The big stand outs for me are the Dire Beast glyphs and Glyph of the Goblin Anti-Grav Flare. Some of the others are comparatively underwhelming, if you ask me. However, I feel like there is enormous potential with this new glyph system, and I hope Blizzard doesn’t just leave it at this. I hope one day we can customize the majority of our abilities and talents in some way. Even something simple like changing the color of projectiles adds a lot to the character customization experience in my opinion.
Tomes and Pet Training Manuals
There were a handful of old glyphs that actually added new abilities, and tomes are how Blizzard is bringing some of these back. These are currently purchased from vendors for a small amount of gold.
- Pet Training Manual: Fetch brings back the Fetch ability for your pet. A handy little ability that lets your pet do all the looting for you. This can be purchased in Trueshot Lodge for 50 gold.
- Pet Training Manual: Play Dead puts a new twist on the old glyph. This time, instead of your pet feigning death when you do, you get separate control with the Play Dead ability. This button transforms to Wake Up when your pet is playing dead. I’m sure there will be a few situations where it will come in handy to not have it tied to the Hunter’s own Feign Death ability. This can be purchased in Trueshot Lodge for 50 gold.
- Fireworks Instruction Manual teaches you the Fireworks ability. This is sold by the engineering trainer in Dalaran for 50 gold (you do not need to be an engineer to learn it).
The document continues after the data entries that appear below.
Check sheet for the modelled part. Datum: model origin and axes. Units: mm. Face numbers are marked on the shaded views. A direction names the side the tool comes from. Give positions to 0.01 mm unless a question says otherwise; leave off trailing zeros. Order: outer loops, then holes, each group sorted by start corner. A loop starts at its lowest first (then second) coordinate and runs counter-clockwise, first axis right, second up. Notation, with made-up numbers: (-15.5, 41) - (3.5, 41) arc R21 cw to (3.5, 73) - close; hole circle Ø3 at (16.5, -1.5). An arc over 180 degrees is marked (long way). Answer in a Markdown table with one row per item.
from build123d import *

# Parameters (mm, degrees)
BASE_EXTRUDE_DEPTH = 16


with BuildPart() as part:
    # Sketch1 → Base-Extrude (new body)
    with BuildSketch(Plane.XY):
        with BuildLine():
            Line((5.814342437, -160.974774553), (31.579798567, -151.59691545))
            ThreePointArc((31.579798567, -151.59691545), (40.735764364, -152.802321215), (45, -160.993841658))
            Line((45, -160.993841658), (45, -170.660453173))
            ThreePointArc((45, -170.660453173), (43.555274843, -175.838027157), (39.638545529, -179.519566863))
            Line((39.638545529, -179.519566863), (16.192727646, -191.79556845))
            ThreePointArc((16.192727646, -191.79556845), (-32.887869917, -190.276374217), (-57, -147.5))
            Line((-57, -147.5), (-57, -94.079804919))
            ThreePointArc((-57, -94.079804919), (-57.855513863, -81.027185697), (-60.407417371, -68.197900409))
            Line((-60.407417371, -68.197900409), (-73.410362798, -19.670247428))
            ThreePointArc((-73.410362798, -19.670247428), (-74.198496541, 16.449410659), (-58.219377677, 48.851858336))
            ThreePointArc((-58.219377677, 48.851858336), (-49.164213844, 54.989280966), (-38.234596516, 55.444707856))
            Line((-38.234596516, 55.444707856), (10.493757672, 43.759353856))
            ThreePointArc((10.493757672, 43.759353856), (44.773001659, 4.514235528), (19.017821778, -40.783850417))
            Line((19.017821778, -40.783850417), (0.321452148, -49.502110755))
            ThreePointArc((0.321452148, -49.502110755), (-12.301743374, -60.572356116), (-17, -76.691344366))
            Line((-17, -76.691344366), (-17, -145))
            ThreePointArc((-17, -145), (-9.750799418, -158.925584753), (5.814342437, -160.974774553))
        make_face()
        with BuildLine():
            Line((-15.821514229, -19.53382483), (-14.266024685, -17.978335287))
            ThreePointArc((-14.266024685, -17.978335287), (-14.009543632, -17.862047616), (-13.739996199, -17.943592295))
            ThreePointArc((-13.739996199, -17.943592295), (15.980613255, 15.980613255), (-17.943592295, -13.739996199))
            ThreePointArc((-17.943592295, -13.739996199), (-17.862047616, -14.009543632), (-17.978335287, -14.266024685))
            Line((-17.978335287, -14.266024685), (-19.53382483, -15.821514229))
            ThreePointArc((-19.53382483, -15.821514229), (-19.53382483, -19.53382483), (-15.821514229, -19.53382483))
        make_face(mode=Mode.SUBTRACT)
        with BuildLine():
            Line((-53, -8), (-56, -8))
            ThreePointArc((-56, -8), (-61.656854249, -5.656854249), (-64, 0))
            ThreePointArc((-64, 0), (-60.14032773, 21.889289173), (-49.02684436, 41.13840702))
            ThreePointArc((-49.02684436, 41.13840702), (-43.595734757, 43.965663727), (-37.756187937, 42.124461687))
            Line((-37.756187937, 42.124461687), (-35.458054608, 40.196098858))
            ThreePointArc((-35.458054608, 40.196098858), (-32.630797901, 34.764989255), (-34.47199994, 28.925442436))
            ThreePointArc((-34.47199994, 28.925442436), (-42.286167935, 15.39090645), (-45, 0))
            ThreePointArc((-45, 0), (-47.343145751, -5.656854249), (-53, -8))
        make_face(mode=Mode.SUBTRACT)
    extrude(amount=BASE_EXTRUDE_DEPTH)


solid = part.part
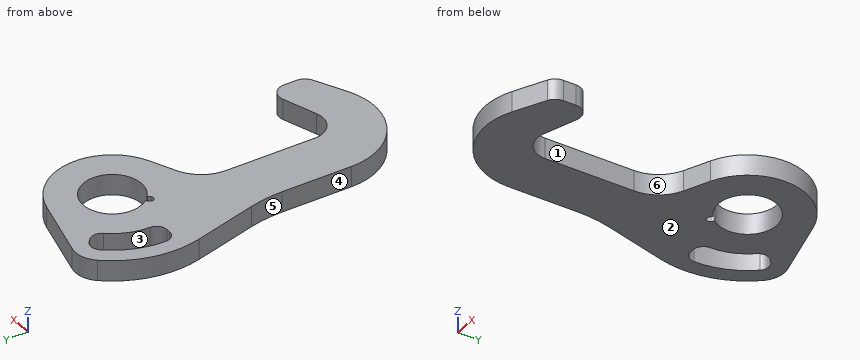
(1) Mould release check, pull along Y, two halves, no side actions. Record for the marked faces 4, 5 and 6: pulls with the +Y half, pulls with the -Y half, needs draft (parallel to the pull), parting line crosses it, or undercut.
Geometry says:
| item | result |
|---|---|
| face 4 | needs draft |
| face 5 | pulls with the -Y half |
| face 6 | undercut |
(2) Cross-section at B-B, the plane z = 5.25. Give the number of separate pieces and of enclosed holes in the cut face, then the cut area to 3 significant figures.
Geometry says:
| item | result |
|---|---|
| separate pieces | 1 |
| enclosed holes | 2 |
| area | 15,600 mm² |
(3) Access from +Z, -Z, +X, -X, +Y, -Y to the whole of each face (thin tool, end or side, straight path). Record for the marked faces 1, 2 and 3.
Geometry says:
| item | result |
|---|---|
| face 1 | +Z, -Z, +X |
| face 2 | -Z, +X, -X, +Y, -Y |
| face 3 | +Z, -Z |
(4) Cross-section at A-A, the plane x = 34.5. Record the cut outline in (y, z).
Geometry says:
| item | result |
|---|---|
| outline | (-182.21, 0) - (-151.01, 0) - (-151.01, 16) - (-182.21, 16) - close; (-28.89, 0) - (28.89, 0) - (28.89, 16) - (-28.89, 16) - close |
(5) Gauge pin test, flat ends, axial feed: P1, Ø6, axis at x = 2.5, z = 12.5, coming from the -Y side; P2, Ø5, axis at x = -58.5, y = -84.5, coming from the +Z side; P3, Ø1.5, axis at x = -32.5, z = 7.5, coming from the +Y side; P4, Ø5, axis at y = -58.5, z = 13, coming from the +X side. Record the tip position at first contact, or that the pin passes through.
Geometry says:
| item | result |
|---|---|
| P1 | y = -197.08 |
| P2 | z = 16 |
| P3 | y = 54.25 |
| P4 | x = -8.72 |
(6) Cross-section at D-D, the plane y = -97. Record the cut outline in (x, z), then the cut area to 3 significant figures.
Geometry says:
| item | result |
|---|---|
| outline | (-57, 0) - (-17, 0) - (-17, 16) - (-57, 16) - close |
| area | 640 mm² |
(7) Cross-section at C-C, the plane y = 2.5. Record the cut outline in (x, z), then the cut area to 3 significant figures.
Geometry says:
| item | result |
|---|---|
| outline | (-75.96, 0) - (-63.95, 0) - (-63.95, 16) - (-75.96, 16) - close; (-44.93, 0) - (-22.46, 0) - (-22.46, 16) - (-44.93, 16) - close; (22.46, 0) - (44.93, 0) - (44.93, 16) - (22.46, 16) - close |
| area | 911 mm² |
(8) Thickness scan on L1, parallel to Y at x = 0, z = 7.5; L2, parallel to Y at x = -9.5, z = 2.75; L3, parallel to X at y = -20, z = 8.75. Record the ranges inside material, lowest first.
Geometry says:
| item | result |
|---|---|
| L1 | -197.01 to -162, -49.65 to -22.6, 22.6 to 46.28 |
| L2 | -197.44 to -159.1, -56.85 to -20.51, 20.51 to 48.55 |
| L3 | -73.32 to -18.9, -16.45 to -10.52, 10.52 to 40.31 |

- The Art of Concealment teaches you the Aspect of the Chameleon ability. This is similar to the old Aspect of the Beast, making you untrackable for 1 minute on a 3-minute cooldown. I haven’t been able to locate where this tome is purchased or found yet.
What was lost
As for what we lost via the transition to this new system, I have to say that I won’t miss the majority of it. There are, however, 3 glyphs that I am really feeling the sting of missing.
- Glyph of Disengage made one of my favorite Hunter things even better. I know it was only about 10 extra yards, but I notice it every time I Disengage on the beta. I would pay a ridiculous sum of gold to get a tome that made my Disengage like this again.
- Glyph of Misdirection was a must for any sort of soloing. I was really hoping Blizzard would just make the functionality of this glyph a baseline, at least for Beast Mastery.
- Glyph of Mending not being available is only exacerbating an ongoing problem on the beta, which is pet survivability. Currently, pets are fragile (especially as Ferocity spec) and this glyph used to make Mend Pet more than twice as powerful, which would be helpful right about now. Again, it seems like another one of those things Beast Mastery should just have. This glyph always felt like a borderline requirement to me outside of raiding.
A lot of things are being purged in Legion, so I suppose it could’ve been worse. I’m more excited for the potential of this new glyph system than what’s there so far, but that is dependent on Blizzard expanding on it in the future.